Ketua Asosiasi Hotel Arab, Elias al-Arja mengatakan, pekan lalu sebagian besar hotel di Tepi Barat membantu wisatawan melarikan diri setelah kekerasan dimulai. Dia mengatakan, sekitar 90 persen hotel di Tepi Barat.
Dan Hotels dan Isrotel mengatakan, mereka menyediakan kamar bagi orang-orang yang melarikan diri dari perbatasan Gaza. Mereka juga menawarkan diskon 50 persen untuk penduduk lokal.

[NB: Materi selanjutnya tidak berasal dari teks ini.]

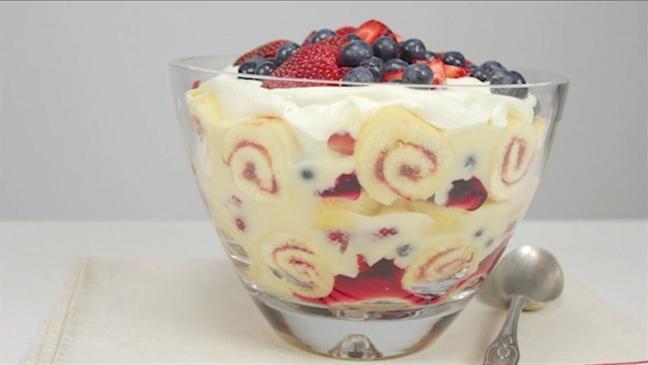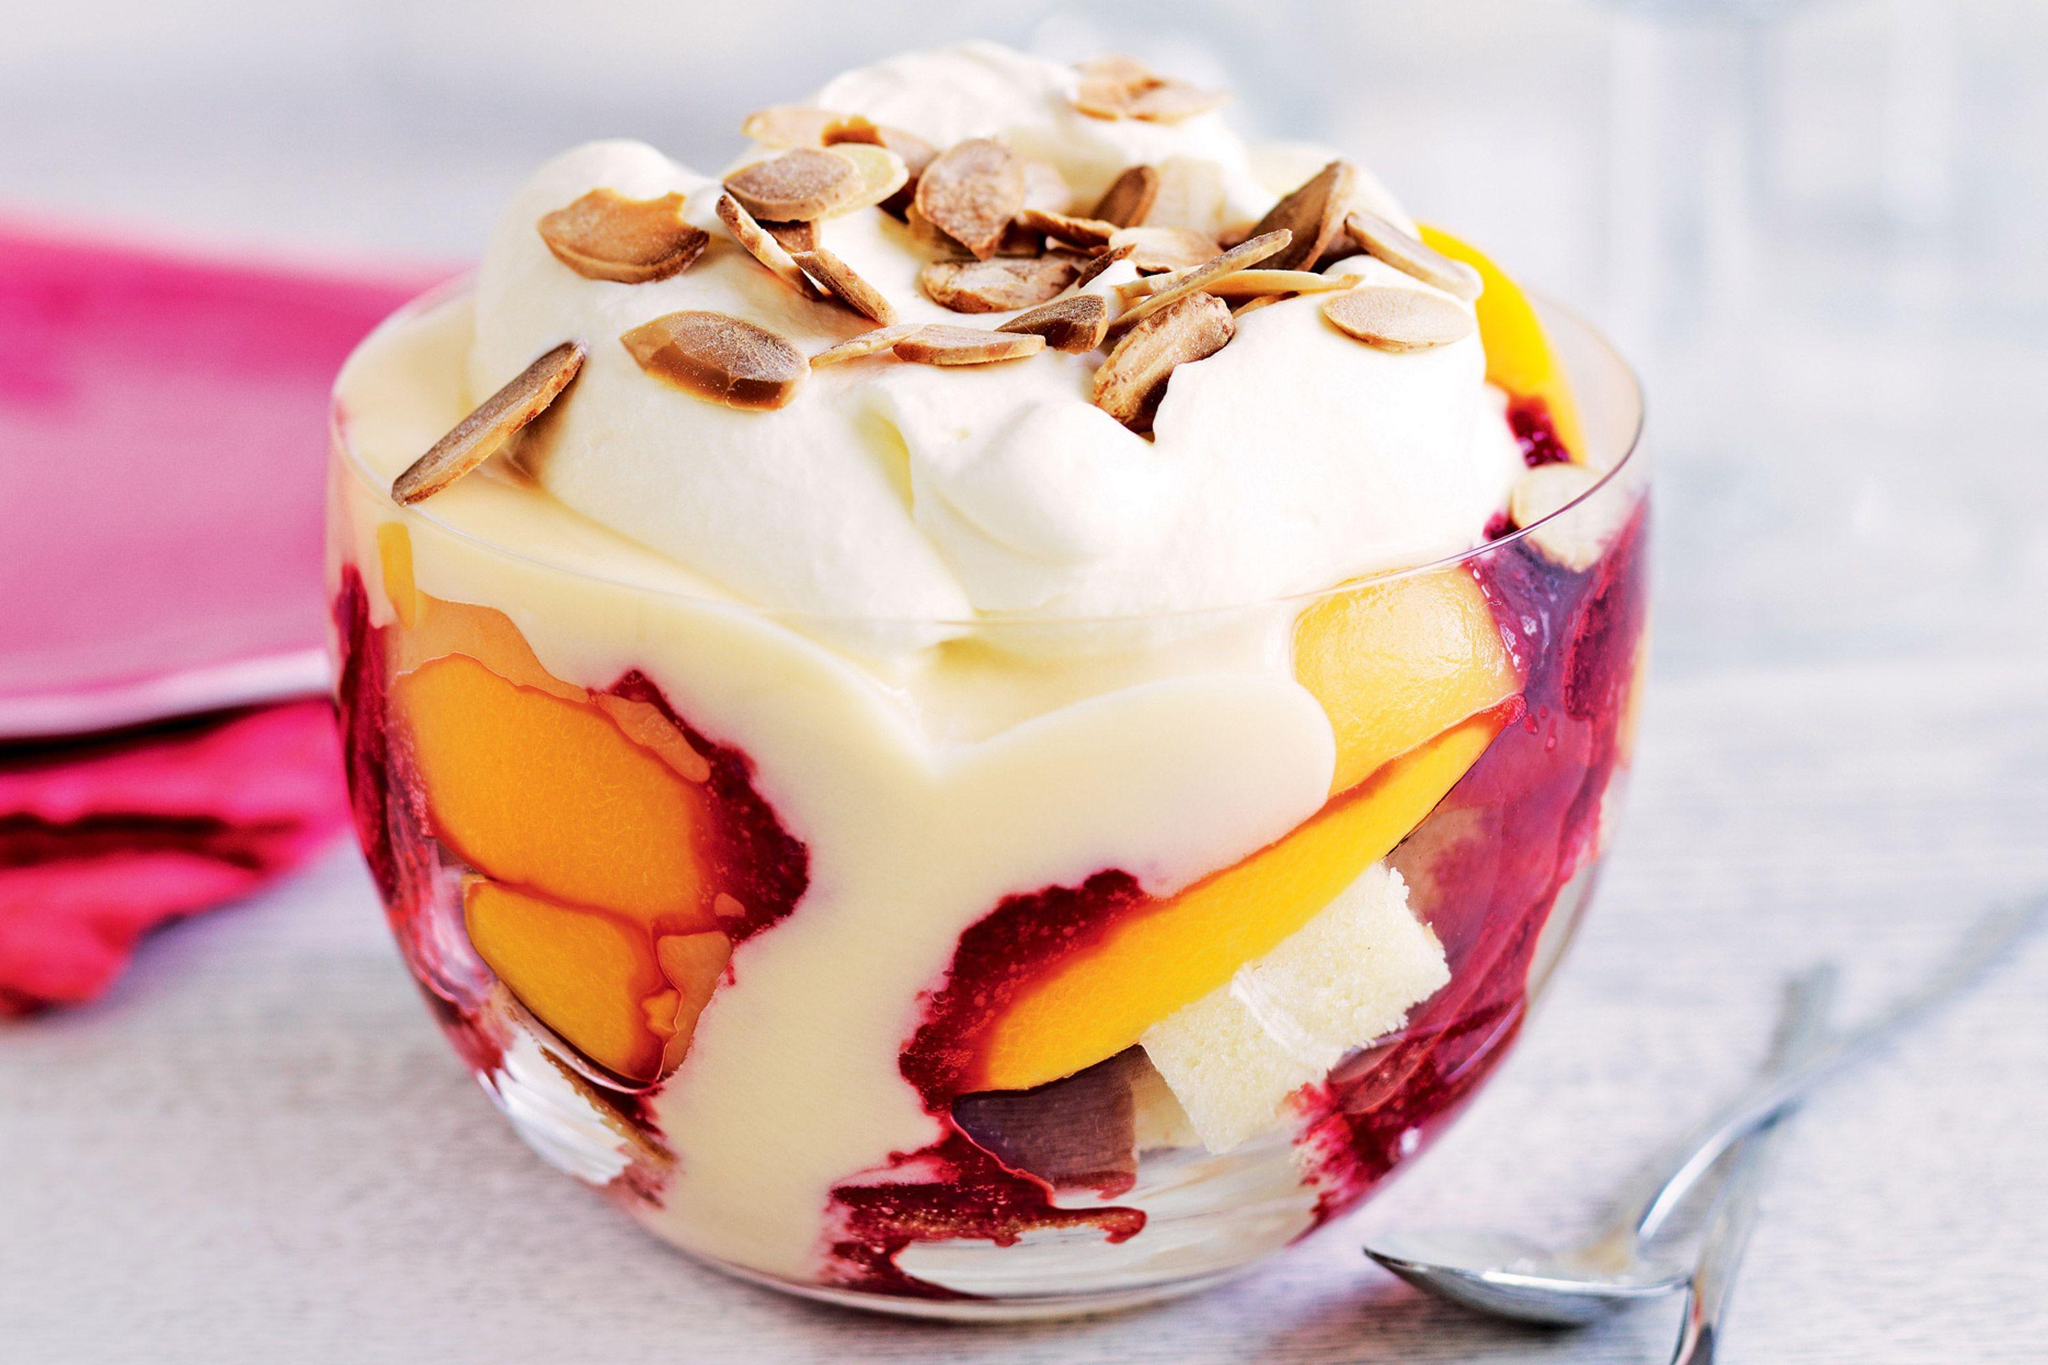The first image is the image on the left, the second image is the image on the right. Given the left and right images, does the statement "An image shows just one dessert bowl, topped with blueberries and strawberries." hold true? Answer yes or no. Yes.

Kelompok wisata Authentic Israel telah meminta wisatawan yang memesan perjalanan kemudian dibatalkan untuk menyumbangkan masing-masing 150 dolar AS guna mendukung stafnya selama krisis. Operator tur Australia, Intrepid Travel, telah membatalkan tur ke Israel dan wilayah Palestina hingga akhir tahun ini.
Odysseys Unlimited telah menangguhkan perjalanannya ke Israel hingga 31 Maret. Perusahaan AS tersebut akan melanjutkan tur di Mesir dan Yordania, namun mereka memberi para tamu pilihan untuk pindah ke tanggal berikutnya atau tujuan lain. Sementara beberapa dijadwal ulang ke tahun depan.